Por otra parte, el entorno digital permite que clubes y organizaciones modestas sean capaces de generar contenidos que satisfagan la demanda de información de los fans estableciendo un contacto directo con ellos y consiguiendo mayores coberturas que en los medios tradicionales. En resumen, un coyuntura en permanente estado de cambio y con oportunidades para aquellos que asuman la reconversión.
La tarde fue rematada por Cayetano Ros, periodista de El País en una conferencia titulada “La calidad como a desafío del periodismo deportivo actual». Ros, ante la concepción crítica de los alumnos de un periodismo deportivo actual sensacionalista y de baja calidad, reivindicó la buena salud primer periodismo español, con la presencia de grandes firmas y de un enfoque atractivo.
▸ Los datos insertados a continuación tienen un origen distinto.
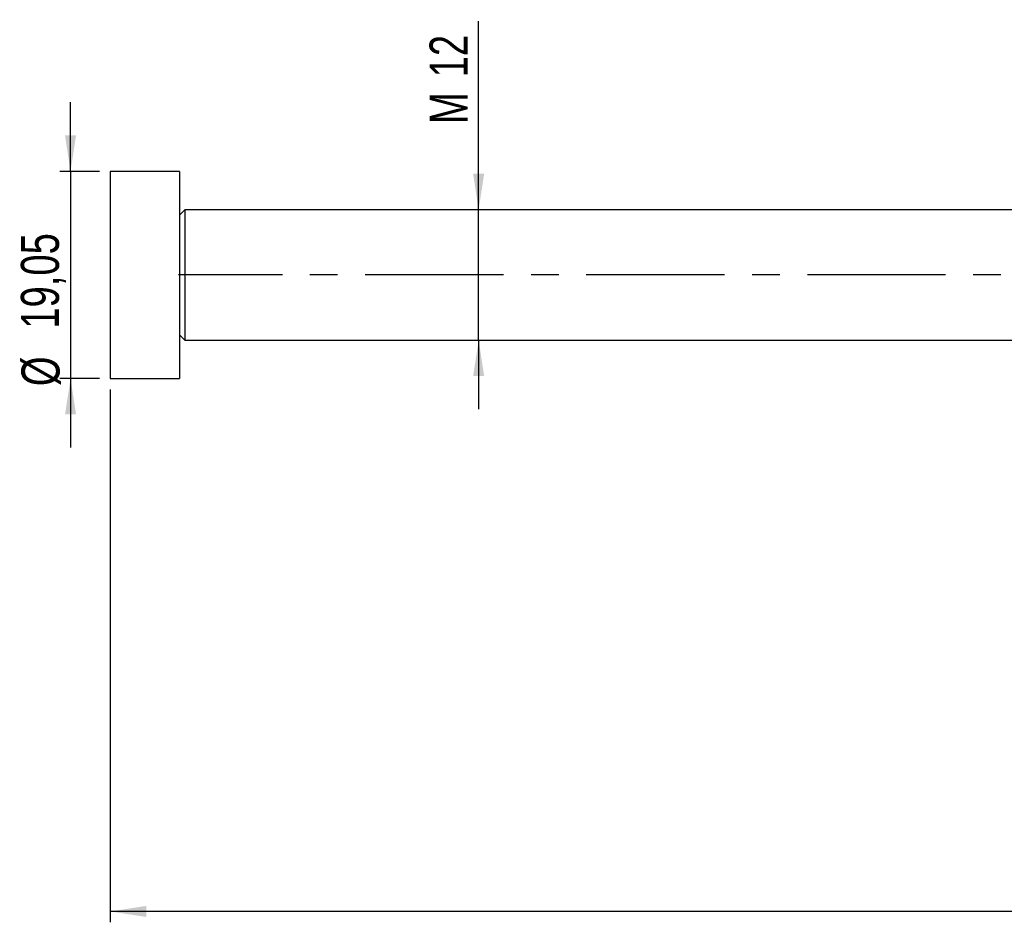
# Model space of a CAD drawing. Extents: x 39 to 346, y 42 to 276.
# Tile 2 of 5: x 39 to 130, y 178 to 261. Entities that reach past the tile are written whole.
import ezdxf

# ---------------------------------------------------------------- set-up
doc = ezdxf.new("R2010")
doc.units = 0
doc.linetypes.add('CENTERX2', pattern=[20.32, 12.7, -2.54, 2.54, -2.54])
doc.layers.get('0').update_dxf_attribs({"linetype": 'CONTINUOUS'})
doc.layers.add('FORMATO', color=179, linetype='CONTINUOUS')
doc.styles.add('SLDTEXTSTYLE0', font='TXT', dxfattribs={"width": 0.75})
doc.dimstyles.new('SLDDIMSTYLE2', dxfattribs={"dimtxt": 3.5, "dimasz": 3.302, "dimexe": 0, "dimexo": 0.0625, "dimgap": 0.875, "dimtad": 1, "dimdec": 1, "dimrnd": 1e-09, "dimzin": 12, "dimtxsty": 'SLDTEXTSTYLE0', "dimsah": 1, "dimcen": 0.09, "dimazin": 3, "dimtfac": 1, "dimtdec": 1, "dimtofl": 0, "dimtmove": 0, "dimatfit": 3, "dimtolj": 1, "dimtzin": 12})
doc.dimstyles.new('SLDDIMSTYLE3', dxfattribs={"dimtxt": 3.5, "dimasz": 3.302, "dimexe": 0, "dimexo": 0.0625, "dimgap": 0.875, "dimtad": 1, "dimdec": 3, "dimrnd": 1e-09, "dimzin": 12, "dimtxsty": 'SLDTEXTSTYLE0', "dimsah": 1, "dimcen": 0.09, "dimazin": 3, "dimtfac": 1, "dimtdec": 3, "dimtmove": 0, "dimatfit": 3, "dimtolj": 1, "dimtzin": 12})
doc.dimstyles.new('SLDDIMSTYLE4', dxfattribs={"dimtxt": 3.5, "dimasz": 3.302, "dimexe": 0, "dimexo": 0.0625, "dimgap": 0.875, "dimtad": 1, "dimrnd": 1e-09, "dimzin": 12, "dimtxsty": 'SLDTEXTSTYLE0', "dimsah": 1, "dimcen": 0.09, "dimazin": 3, "dimtfac": 1, "dimtmove": 0, "dimatfit": 3, "dimtolj": 1, "dimtzin": 12})

# ---------------------------------------------------------------- blocks, each defined once
blk = doc.blocks.new('_D_5')
at = {"layer": 'FORMATO'}
for p, q in [((222.835, 231.785), (222.835, 177.777)), ((47.485, 226.76), (47.485, 177.777)), ((222.835, 178.777), (47.485, 178.777))]:
    blk.add_line(p, q, dxfattribs=at)
for points in [[(47.485, 178.777), (50.787, 178.269), (50.787, 179.285)], [(222.835, 178.777), (219.533, 179.285), (219.533, 178.269)]]:
    blk.add_solid(points, dxfattribs=at)
at = {"layer": 'FORMATO', "insert": (131.793, 183.289), "char_height": 3.5, "attachment_point": 1, "style": 'SLDTEXTSTYLE0'}
blk.add_mtext('175,4', dxfattribs=at)
blk = doc.blocks.new('_D_6')
at = {"layer": 'FORMATO'}
for p, q in [((81.345, 243.285), (81.345, 260.623)), ((81.345, 231.285), (81.345, 243.285)), ((81.345, 231.285), (81.345, 224.935))]:
    blk.add_line(p, q, dxfattribs=at)
for points in [[(81.345, 243.285), (81.853, 246.587), (80.837, 246.587)], [(81.345, 231.285), (80.837, 227.983), (81.853, 227.983)]]:
    blk.add_solid(points, dxfattribs=at)
at = {"layer": 'FORMATO', "char_height": 3.5, "attachment_point": 1, "rotation": 90, "style": 'SLDTEXTSTYLE0'}
for s, insert in [('12', (76.834, 255.451)), ('M', (76.834, 251.163))]:
    blk.add_mtext(s, dxfattribs=dict(at, insert=insert))
blk = doc.blocks.new('_D_8')
at = {"layer": 'FORMATO'}
for p, q in [((43.835, 246.81), (43.835, 253.16)), ((46.485, 246.81), (42.835, 246.81)), ((43.835, 246.81), (43.835, 227.76)), ((46.485, 227.76), (42.835, 227.76)), ((43.835, 227.76), (43.835, 221.41))]:
    blk.add_line(p, q, dxfattribs=at)
for points in [[(43.835, 246.81), (44.343, 250.112), (43.327, 250.112)], [(43.835, 227.76), (43.327, 224.458), (44.343, 224.458)]]:
    blk.add_solid(points, dxfattribs=at)
at = {"layer": 'FORMATO', "char_height": 3.5, "attachment_point": 1, "rotation": 90, "style": 'SLDTEXTSTYLE0'}
for s, insert in [('19,05', (39.269, 232.345)), ('%%c', (39.323, 227.066))]:
    blk.add_mtext(s, dxfattribs=dict(at, insert=insert))

msp = doc.modelspace()

# ---------------------------------------------------------------- linework, layer by layer
at = {"color": 7, "linetype": 'CONTINUOUS'}
for p, q in [((53.8347, 246.8101), (47.4847, 246.8101)), ((47.4847, 246.8101), (47.4847, 227.7601)), ((53.8347, 246.8101), (53.8347, 227.7601)), ((54.3347, 243.2851), (53.8347, 242.7851)), ((132.4849, 243.2851), (54.3347, 243.2851)), ((54.3347, 243.2851), (54.3347, 242.7147)), ((54.3347, 242.7147), (54.3347, 231.2851)), ((53.8347, 231.7851), (54.3347, 231.2851)), ((54.3347, 231.2851), (132.2109, 231.2851)), ((47.4847, 227.7601), (53.8347, 227.7601))]:
    msp.add_line(p, q, dxfattribs=at)
at = {"layer": 'FORMATO', "linetype": 'CENTERX2'}
msp.add_line((225.8621, 237.2851), (53.7479, 237.2851), dxfattribs=at)

# ---------------------------------------------------------------- dimensions: what is measured, and where the dimension line sits
at = {"layer": 'FORMATO'}
for base, p1, p2, text, dimstyle, picture, middle in [((81.3453, 243.2851), (54.3347, 231.2851), (54.3347, 243.2851), 'M<>', 'SLDDIMSTYLE3', '_D_6', (81.3453, 255.8932)), ((43.8347, 227.7601), (47.4847, 246.8101), (47.4847, 227.7601), '%%c<>', 'SLDDIMSTYLE4', '_D_8', (43.8347, 235.5243))]:
    dim = msp.add_linear_dim(base=base, p1=p1, p2=p2, angle=90, text=text, dimstyle=dimstyle, dxfattribs=at)
    dim.commit()
    dim.dimension.update_dxf_attribs({"geometry": picture, "text_midpoint": middle, "dimtype": 160})
dim = msp.add_linear_dim(base=(47.4846851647, 178.7773970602), p1=(222.8346851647, 232.7851060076), p2=(47.4846851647, 227.7601060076), dimstyle='SLDDIMSTYLE2', dxfattribs=at)
dim.commit()
dim.dimension.update_dxf_attribs({"geometry": '_D_5', "text_midpoint": (137.6115650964, 178.7773970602), "dimtype": 160})

doc.saveas('drawing.dxf')

Sugirió que los periodistas deben contar con numerosas fuentes, con el contacto permanente con los distintos acontecimientos y se lamentó de la tendencia de algunos medios de apostar por el “periodismo de televisión”, donde la empresa propone analizar la competición dese la distancia. En este sentido, Ros fue tajante. “El periodista debe pasar más tiempo en la calle que en la redacción. Este oficio es de contar historias y para contarlas primero hay que verlas”.